» **Provided material**:
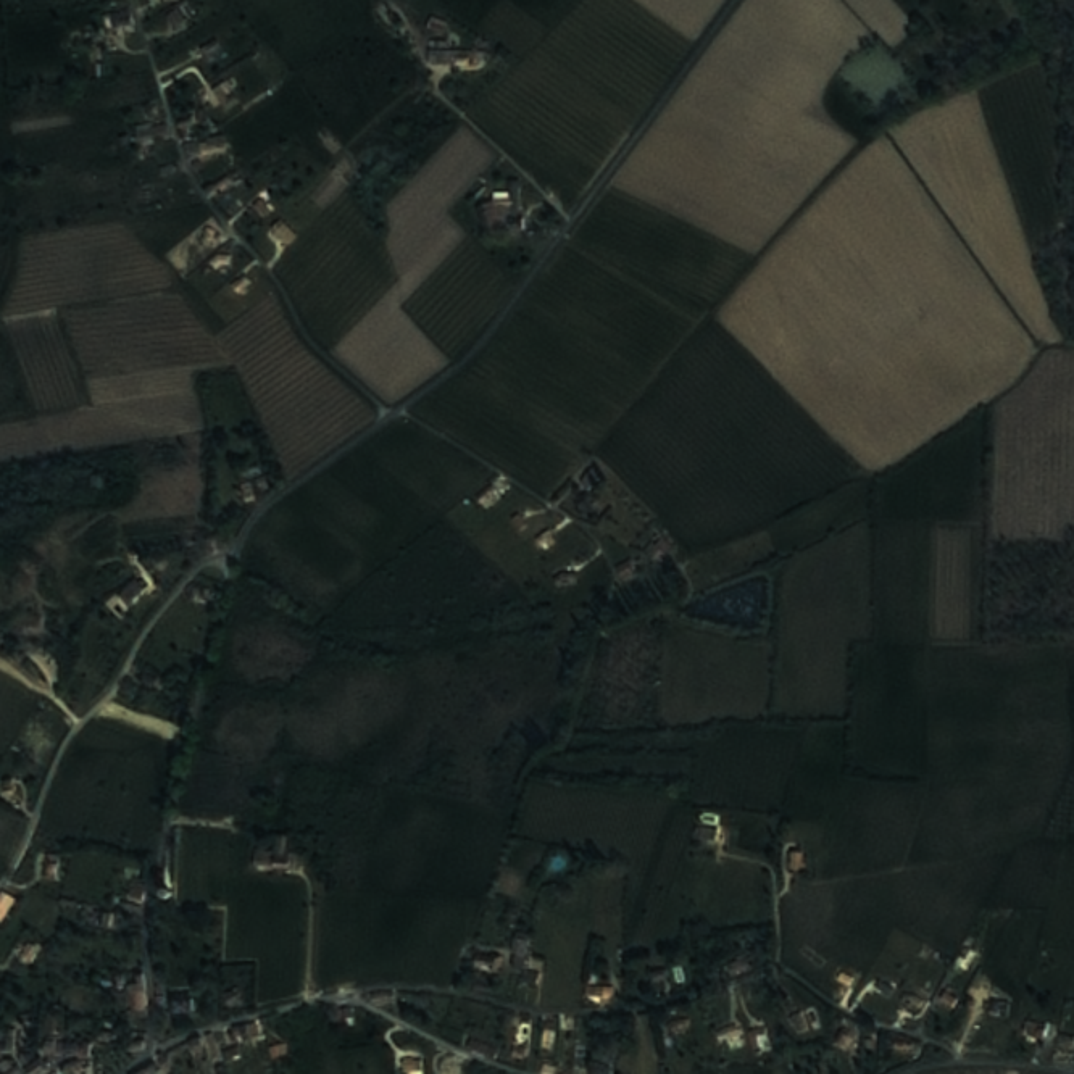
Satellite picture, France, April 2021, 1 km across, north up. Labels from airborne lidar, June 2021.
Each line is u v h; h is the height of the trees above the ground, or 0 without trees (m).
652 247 0
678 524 0
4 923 7
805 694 0
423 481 0
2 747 0
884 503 0
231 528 11
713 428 0
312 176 7
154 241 0
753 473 0
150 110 0
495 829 0
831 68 0
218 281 0
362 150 0
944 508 0
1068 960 0
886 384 0
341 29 0
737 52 0
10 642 11
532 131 0
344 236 0
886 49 8
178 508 0
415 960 0
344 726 0
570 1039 9
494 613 8
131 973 8
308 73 0
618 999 10
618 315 0
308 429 0
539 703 0
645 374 0
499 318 0
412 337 0
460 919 0
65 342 0
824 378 0
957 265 0
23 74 0
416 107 0
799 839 0
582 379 0
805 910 0
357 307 0
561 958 0
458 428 0
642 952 8
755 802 0
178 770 12
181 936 0
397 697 0
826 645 0
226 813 0
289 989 0
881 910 0
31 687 0
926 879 0
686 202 0
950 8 0
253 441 11
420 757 0
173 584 7
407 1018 15
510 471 0
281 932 0
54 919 0
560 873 0
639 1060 0
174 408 0
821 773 0
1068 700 0
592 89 0
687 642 0
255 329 0
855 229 0
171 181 0
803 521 0
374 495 0
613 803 0
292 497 0
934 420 0
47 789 0
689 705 0
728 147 0
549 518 7
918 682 0
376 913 0
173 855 12
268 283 0
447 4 0
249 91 0
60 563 0
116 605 0
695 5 0
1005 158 0
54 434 0
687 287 0
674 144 0
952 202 0
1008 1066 0
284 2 0
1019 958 0
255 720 0
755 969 7
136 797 0
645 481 0
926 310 0
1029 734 0
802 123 0
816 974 0
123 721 0
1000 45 16
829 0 0
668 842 0
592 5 0
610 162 0
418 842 0
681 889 0
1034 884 0
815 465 0
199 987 18
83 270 0
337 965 0
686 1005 12
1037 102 0
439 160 0
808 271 0
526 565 0
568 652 7
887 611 0
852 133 0
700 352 0
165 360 0
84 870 0
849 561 0
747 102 0
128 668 0
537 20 0
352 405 0
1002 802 0
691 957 10
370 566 0
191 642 0
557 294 0
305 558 0
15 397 0
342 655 8
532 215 0
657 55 0
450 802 0
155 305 0
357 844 0
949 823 0
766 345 0
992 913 0
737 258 0
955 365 0
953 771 0
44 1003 12
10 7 6
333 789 0
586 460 10
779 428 0
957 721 0
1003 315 0
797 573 0
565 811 0
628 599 0
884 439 0
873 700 0
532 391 0
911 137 0
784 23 0
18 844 0
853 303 0
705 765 0
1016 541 8
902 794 0
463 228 0
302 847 6
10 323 0
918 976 0
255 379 0
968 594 0
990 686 0
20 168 12
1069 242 11
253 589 7
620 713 7
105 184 0
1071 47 17
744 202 0
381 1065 0
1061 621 7
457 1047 6
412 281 0
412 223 0
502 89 0
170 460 6
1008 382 0
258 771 0
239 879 0
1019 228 0
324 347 0
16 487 10
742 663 0
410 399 0
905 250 0
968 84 19
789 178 0
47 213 0
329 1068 0

» **Exercise goal**: For each record, return its text exactly and leave any picture out.

» **Your solution**:
Satellite picture, France, April 2021, 1 km across, north up. Labels from airborne lidar, June 2021.
Each line is u v h; h is the height of the trees above the ground, or 0 without trees (m).
652 247 0
678 524 0
4 923 7
805 694 0
423 481 0
2 747 0
884 503 0
231 528 11
713 428 0
312 176 7
154 241 0
753 473 0
150 110 0
495 829 0
831 68 0
218 281 0
362 150 0
944 508 0
1068 960 0
886 384 0
341 29 0
737 52 0
10 642 11
532 131 0
344 236 0
886 49 8
178 508 0
415 960 0
344 726 0
570 1039 9
494 613 8
131 973 8
308 73 0
618 999 10
618 315 0
308 429 0
539 703 0
645 374 0
499 318 0
412 337 0
460 919 0
65 342 0
824 378 0
957 265 0
23 74 0
416 107 0
799 839 0
582 379 0
805 910 0
357 307 0
561 958 0
458 428 0
642 952 8
755 802 0
178 770 12
181 936 0
397 697 0
826 645 0
226 813 0
289 989 0
881 910 0
31 687 0
926 879 0
686 202 0
950 8 0
253 441 11
420 757 0
173 584 7
407 1018 15
510 471 0
281 932 0
54 919 0
560 873 0
639 1060 0
174 408 0
821 773 0
1068 700 0
592 89 0
687 642 0
255 329 0
855 229 0
171 181 0
803 521 0
374 495 0
613 803 0
292 497 0
934 420 0
47 789 0
689 705 0
728 147 0
549 518 7
918 682 0
376 913 0
173 855 12
268 283 0
447 4 0
249 91 0
60 563 0
116 605 0
695 5 0
1005 158 0
54 434 0
687 287 0
674 144 0
952 202 0
1008 1066 0
284 2 0
1019 958 0
255 720 0
755 969 7
136 797 0
645 481 0
926 310 0
1029 734 0
802 123 0
816 974 0
123 721 0
1000 45 16
829 0 0
668 842 0
592 5 0
610 162 0
418 842 0
681 889 0
1034 884 0
815 465 0
199 987 18
83 270 0
337 965 0
686 1005 12
1037 102 0
439 160 0
808 271 0
526 565 0
568 652 7
887 611 0
852 133 0
700 352 0
165 360 0
84 870 0
849 561 0
747 102 0
128 668 0
537 20 0
352 405 0
1002 802 0
691 957 10
370 566 0
191 642 0
557 294 0
305 558 0
15 397 0
342 655 8
532 215 0
657 55 0
450 802 0
155 305 0
357 844 0
949 823 0
766 345 0
992 913 0
737 258 0
955 365 0
953 771 0
44 1003 12
10 7 6
333 789 0
586 460 10
779 428 0
957 721 0
1003 315 0
797 573 0
565 811 0
628 599 0
884 439 0
873 700 0
532 391 0
911 137 0
784 23 0
18 844 0
853 303 0
705 765 0
1016 541 8
902 794 0
463 228 0
302 847 6
10 323 0
918 976 0
255 379 0
968 594 0
990 686 0
20 168 12
1069 242 11
253 589 7
620 713 7
105 184 0
1071 47 17
744 202 0
381 1065 0
1061 621 7
457 1047 6
412 281 0
412 223 0
502 89 0
170 460 6
1008 382 0
258 771 0
239 879 0
1019 228 0
324 347 0
16 487 10
742 663 0
410 399 0
905 250 0
968 84 19
789 178 0
47 213 0
329 1068 0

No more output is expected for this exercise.